O papel da complexidade econômica no processo de desenvolvimento: Teoria e evidência empírica, por José Luis Oreiro e Luciano Ferreira Gabriel

O ponto fundamental que queremos chamar atenção neste artigo é que a estrutura produtiva importa para o desenvolvimento econômico

Foto: Marcello Casal Jr./Agência Brasil

do Macroeconomia Estruturalista do Desenvolvimento

O Papel da Complexidade Econômica no Processo de Desenvolvimento: Teoria e Evidência Empírica

por José Luis Oreiro*e Luciano Ferreira Gabriel**

O desenvolvimento econômico é um processo pelo qual a acumulação de capital e a incorporação sistemática do progresso técnico permitem o aumento persistente da produtividade do trabalho e do padrão de vida da população (Bresser-Pereira, Oreiro e Marconi, 2014, p. 12).

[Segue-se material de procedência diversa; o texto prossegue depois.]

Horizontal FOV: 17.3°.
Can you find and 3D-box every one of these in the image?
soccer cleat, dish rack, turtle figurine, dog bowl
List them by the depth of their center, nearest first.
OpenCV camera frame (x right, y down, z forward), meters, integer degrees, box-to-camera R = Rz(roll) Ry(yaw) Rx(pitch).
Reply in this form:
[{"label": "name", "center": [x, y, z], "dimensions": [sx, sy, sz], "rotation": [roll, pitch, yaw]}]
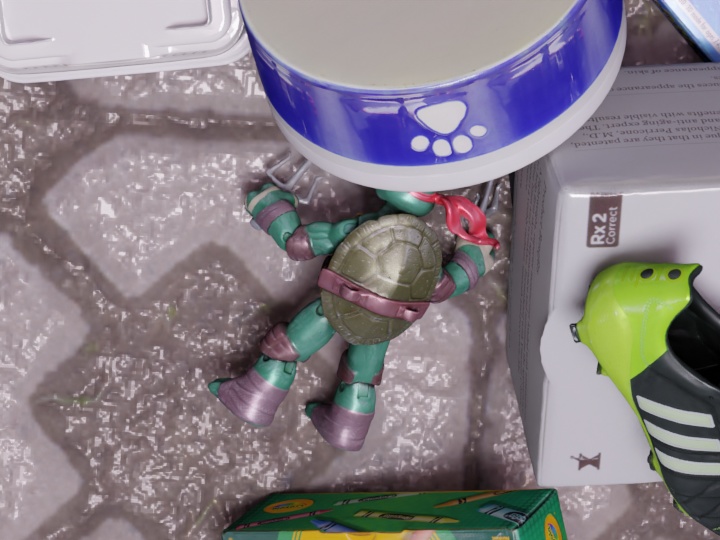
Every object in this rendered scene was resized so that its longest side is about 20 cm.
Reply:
[{"label": "soccer cleat", "center": [0.183, 0.073, 1.219], "dimensions": [0.081, 0.068, 0.200], "rotation": [-8, 132, 38]}, {"label": "dog bowl", "center": [0.038, -0.142, 1.244], "dimensions": [0.199, 0.201, 0.079], "rotation": [-19, 141, -1]}, {"label": "dish rack", "center": [-0.144, -0.202, 1.284], "dimensions": [0.171, 0.044, 0.201], "rotation": [-5, 104, 5]}, {"label": "turtle figurine", "center": [0.000, 0.000, 1.333], "dimensions": [0.149, 0.101, 0.201], "rotation": [24, 105, -10]}]

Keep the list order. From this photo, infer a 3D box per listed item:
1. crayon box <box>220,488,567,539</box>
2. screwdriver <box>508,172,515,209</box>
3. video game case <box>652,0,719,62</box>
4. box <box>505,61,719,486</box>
[{"label": "crayon box", "center": [0.027, 0.190, 1.344], "dimensions": [0.199, 0.058, 0.119], "rotation": [-5, 107, 33]}, {"label": "screwdriver", "center": [0.097, -0.110, 1.347], "dimensions": [0.029, 0.028, 0.201], "rotation": [5, 107, 23]}, {"label": "video game case", "center": [0.252, -0.193, 1.336], "dimensions": [0.181, 0.045, 0.200], "rotation": [-42, 103, 4]}, {"label": "box", "center": [0.188, 0.000, 1.299], "dimensions": [0.199, 0.131, 0.200], "rotation": [-2, 125, -5]}]

O aumento da produtividade do trabalho torna possível a elevação persistente dos salários reais, uma vez superado o assim chamado “ponto de Lewis”; ou seja, uma vez que a mão-de-obra empregada nos setores tradicionais ou de subsistência (via de regra, a agricultura) tenha sido totalmente transferida para os setores modernos ou capitalistas (Lewis, 1954). Nesse momento se esgota a oferta ilimitada de mão-de-obra, característica da Fase I do capitalismo (Kaldor, 1980), fazendo com que o contínuo aumento da demanda de trabalho, decorrente da expansão do nível de atividade econômica, permita a elevação gradual dos salários reais a um ritmo aproximadamente igual ao crescimento da produtividade do trabalho. O crescimento dos salários reais, por seu turno, é que viabiliza o aumento do padrão de vida da população.

A acumulação de capital e o progresso técnico são as fontes fundamentais de crescimento da produtividade do trabalho e do padrão de vida da população. Com efeito, o progresso técnico permite, por um lado, um aumento da eficiência na produção, ou seja, que os mesmos bens e serviços sejam produzidos com o uso de uma quantidade menor de insumos, em especial o trabalho; por outro lado, o progresso técnico leva ao desenvolvimento de produtos e serviços cada vez mais sofisticados ou complexos, isto é, produtos que incorporam não só uma quantidade maior, como também mais diversificada, de conhecimento técnico e científico[1]. Esses produtos mais sofisticados ou complexos são produzidos por trabalhadores altamente qualificados[2] em empresas que operam na fronteira tecnológica ou próxima a ela; razão pela qual tais produtos possuem maior valor adicionado por unidade de trabalho empregada. Dessa forma, o progresso técnico decorre não apenas do avanço do “estado das artes”, mas principalmente por intermédio de um processo de mudança estrutural, no qual recursos produtivos e trabalhadores são transferidos das atividades com menor valor adicionado por trabalhador empregado (setores menos sofisticados ou complexos) para atividades com maior valor adicionado por trabalhador empregado (setores mais sofisticados ou complexos).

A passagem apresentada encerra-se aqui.